**What you should do:** Starting from the line in which "Horizontal FOV: 84.5°." appears, output every line down to the last line of the data below, exactly and without anything more.

=== Begin Enclosure ===

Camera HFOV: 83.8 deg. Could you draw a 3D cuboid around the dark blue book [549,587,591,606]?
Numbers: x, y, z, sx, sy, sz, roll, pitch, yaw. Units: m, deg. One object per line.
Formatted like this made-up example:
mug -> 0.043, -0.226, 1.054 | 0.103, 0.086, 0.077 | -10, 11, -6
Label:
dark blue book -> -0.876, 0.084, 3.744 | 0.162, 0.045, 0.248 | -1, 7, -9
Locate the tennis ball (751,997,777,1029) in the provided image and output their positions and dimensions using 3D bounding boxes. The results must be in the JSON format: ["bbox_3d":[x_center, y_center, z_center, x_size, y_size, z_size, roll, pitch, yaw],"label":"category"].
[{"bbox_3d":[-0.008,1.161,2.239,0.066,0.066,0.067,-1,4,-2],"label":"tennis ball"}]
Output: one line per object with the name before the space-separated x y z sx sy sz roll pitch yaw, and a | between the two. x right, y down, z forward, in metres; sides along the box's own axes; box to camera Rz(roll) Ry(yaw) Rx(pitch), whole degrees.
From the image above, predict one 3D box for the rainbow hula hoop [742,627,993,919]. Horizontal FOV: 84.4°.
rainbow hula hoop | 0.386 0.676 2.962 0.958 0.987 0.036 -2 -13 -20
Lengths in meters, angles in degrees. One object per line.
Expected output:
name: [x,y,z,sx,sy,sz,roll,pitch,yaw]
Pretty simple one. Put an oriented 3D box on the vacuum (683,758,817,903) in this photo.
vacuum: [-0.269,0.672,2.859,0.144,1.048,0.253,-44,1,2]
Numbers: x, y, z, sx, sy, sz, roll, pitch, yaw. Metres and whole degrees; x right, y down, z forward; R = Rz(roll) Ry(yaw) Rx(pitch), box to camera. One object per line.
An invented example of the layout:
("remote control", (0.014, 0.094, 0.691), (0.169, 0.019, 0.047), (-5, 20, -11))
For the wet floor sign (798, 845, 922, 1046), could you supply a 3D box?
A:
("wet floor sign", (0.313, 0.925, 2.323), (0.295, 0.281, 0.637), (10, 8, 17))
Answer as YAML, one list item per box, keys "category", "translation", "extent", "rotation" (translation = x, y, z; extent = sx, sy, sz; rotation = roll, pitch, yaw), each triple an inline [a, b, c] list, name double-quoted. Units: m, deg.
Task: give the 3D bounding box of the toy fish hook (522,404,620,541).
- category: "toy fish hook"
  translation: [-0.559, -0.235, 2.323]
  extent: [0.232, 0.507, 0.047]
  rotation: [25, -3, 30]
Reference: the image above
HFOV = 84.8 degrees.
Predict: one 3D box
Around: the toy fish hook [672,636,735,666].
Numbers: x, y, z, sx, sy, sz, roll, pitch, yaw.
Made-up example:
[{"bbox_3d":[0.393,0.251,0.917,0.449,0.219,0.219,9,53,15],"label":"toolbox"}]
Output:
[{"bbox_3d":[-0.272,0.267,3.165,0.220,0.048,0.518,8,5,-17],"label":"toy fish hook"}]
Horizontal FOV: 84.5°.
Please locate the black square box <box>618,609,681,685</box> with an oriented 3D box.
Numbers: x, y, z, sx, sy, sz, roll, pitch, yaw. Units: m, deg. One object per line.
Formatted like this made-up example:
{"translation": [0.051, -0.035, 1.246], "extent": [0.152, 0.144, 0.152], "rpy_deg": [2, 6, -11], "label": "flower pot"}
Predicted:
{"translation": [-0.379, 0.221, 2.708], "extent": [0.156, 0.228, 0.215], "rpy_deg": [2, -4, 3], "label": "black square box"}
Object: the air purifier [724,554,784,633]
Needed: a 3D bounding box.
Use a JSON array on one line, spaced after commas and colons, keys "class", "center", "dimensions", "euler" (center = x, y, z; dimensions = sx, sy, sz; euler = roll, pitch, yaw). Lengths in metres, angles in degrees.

=== End Enclosure ===

**Solution to the problem:**
Horizontal FOV: 84.5°.
Please locate the black square box <box>618,609,681,685</box> with an oriented 3D box.
Numbers: x, y, z, sx, sy, sz, roll, pitch, yaw. Units: m, deg. One object per line.
Formatted like this made-up example:
{"translation": [0.051, -0.035, 1.246], "extent": [0.152, 0.144, 0.152], "rpy_deg": [2, 6, -11], "label": "flower pot"}
Predicted:
{"translation": [-0.379, 0.221, 2.708], "extent": [0.156, 0.228, 0.215], "rpy_deg": [2, -4, 3], "label": "black square box"}
Object: the air purifier [724,554,784,633]
Needed: a 3D bounding box.
Use a JSON array on one line, spaced after commas and colons, keys "class", "center", "dimensions", "euler" (center = x, y, z; dimensions = sx, sy, sz; euler = roll, pitch, yaw). Lengths in metres, angles in degrees.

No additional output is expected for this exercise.